Excerpts from a dataset:
__________

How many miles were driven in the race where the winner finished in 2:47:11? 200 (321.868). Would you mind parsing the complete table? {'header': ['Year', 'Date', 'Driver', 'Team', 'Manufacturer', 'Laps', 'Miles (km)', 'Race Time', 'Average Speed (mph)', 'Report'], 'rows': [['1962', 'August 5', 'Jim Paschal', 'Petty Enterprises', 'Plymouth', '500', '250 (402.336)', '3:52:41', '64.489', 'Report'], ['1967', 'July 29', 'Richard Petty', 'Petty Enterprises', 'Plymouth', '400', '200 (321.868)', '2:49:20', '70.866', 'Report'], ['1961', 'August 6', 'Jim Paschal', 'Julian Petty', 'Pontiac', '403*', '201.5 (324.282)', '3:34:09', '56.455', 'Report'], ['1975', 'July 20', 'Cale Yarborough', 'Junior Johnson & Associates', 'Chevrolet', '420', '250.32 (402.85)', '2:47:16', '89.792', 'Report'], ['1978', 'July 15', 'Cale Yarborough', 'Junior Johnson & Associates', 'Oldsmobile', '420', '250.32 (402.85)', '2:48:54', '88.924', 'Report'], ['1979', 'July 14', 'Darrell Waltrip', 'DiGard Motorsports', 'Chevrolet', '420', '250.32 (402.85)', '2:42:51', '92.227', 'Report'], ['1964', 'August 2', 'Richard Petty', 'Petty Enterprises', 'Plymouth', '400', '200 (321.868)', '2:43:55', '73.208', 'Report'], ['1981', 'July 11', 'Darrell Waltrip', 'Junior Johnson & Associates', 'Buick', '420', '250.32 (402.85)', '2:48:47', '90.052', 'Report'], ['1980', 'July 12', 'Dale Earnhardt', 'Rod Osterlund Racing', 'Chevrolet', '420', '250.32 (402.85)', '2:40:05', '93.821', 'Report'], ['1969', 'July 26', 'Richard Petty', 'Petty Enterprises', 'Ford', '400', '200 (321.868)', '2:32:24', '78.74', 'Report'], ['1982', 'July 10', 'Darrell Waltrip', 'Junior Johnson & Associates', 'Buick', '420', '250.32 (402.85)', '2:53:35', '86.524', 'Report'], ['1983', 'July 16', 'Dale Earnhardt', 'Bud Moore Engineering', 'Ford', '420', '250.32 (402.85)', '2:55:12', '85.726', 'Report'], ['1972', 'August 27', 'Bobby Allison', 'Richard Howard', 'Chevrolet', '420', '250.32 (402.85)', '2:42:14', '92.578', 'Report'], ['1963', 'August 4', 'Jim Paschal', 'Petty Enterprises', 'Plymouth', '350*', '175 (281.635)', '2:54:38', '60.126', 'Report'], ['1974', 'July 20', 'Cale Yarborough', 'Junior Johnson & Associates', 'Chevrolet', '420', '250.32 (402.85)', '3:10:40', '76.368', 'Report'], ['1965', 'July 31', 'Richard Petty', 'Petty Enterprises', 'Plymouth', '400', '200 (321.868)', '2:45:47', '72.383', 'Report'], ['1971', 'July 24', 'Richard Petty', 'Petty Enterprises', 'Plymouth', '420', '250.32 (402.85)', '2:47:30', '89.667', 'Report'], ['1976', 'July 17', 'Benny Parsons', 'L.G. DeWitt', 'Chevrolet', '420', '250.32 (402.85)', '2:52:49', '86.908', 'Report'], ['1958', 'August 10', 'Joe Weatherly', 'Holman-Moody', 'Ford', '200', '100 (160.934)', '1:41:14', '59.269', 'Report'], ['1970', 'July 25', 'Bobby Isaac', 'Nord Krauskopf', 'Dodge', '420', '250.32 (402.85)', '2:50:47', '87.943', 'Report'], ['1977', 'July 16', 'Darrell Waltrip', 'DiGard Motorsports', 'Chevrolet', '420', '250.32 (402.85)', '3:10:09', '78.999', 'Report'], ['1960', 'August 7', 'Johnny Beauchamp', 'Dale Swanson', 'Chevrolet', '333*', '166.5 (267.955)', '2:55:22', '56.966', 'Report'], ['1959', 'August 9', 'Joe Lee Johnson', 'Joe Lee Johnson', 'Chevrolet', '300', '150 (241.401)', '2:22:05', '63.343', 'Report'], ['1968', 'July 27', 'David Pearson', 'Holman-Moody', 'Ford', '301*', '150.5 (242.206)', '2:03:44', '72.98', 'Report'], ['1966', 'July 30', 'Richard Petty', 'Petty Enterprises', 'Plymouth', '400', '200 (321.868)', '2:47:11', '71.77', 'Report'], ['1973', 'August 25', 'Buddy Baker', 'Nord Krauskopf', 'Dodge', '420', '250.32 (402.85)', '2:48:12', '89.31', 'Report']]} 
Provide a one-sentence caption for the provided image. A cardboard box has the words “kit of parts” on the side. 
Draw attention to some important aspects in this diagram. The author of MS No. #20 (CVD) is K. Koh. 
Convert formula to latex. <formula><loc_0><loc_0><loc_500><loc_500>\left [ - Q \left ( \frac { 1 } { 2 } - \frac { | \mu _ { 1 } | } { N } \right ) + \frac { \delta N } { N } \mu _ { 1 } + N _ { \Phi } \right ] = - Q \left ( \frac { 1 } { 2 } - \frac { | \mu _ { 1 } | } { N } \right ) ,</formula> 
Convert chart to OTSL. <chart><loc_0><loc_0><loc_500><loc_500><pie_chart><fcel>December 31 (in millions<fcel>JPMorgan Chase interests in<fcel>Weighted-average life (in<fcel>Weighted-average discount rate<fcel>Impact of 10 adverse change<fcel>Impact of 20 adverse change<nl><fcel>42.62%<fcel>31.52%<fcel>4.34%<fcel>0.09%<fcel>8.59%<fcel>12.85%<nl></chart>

__________

*Your goal:*
Reproduce every line above containing "Convert".

*Answer box:*
Convert formula to latex. <formula><loc_0><loc_0><loc_500><loc_500>\left [ - Q \left ( \frac { 1 } { 2 } - \frac { | \mu _ { 1 } | } { N } \right ) + \frac { \delta N } { N } \mu _ { 1 } + N _ { \Phi } \right ] = - Q \left ( \frac { 1 } { 2 } - \frac { | \mu _ { 1 } | } { N } \right ) ,</formula> 
Convert chart to OTSL. <chart><loc_0><loc_0><loc_500><loc_500><pie_chart><fcel>December 31 (in millions<fcel>JPMorgan Chase interests in<fcel>Weighted-average life (in<fcel>Weighted-average discount rate<fcel>Impact of 10 adverse change<fcel>Impact of 20 adverse change<nl><fcel>42.62%<fcel>31.52%<fcel>4.34%<fcel>0.09%<fcel>8.59%<fcel>12.85%<nl></chart>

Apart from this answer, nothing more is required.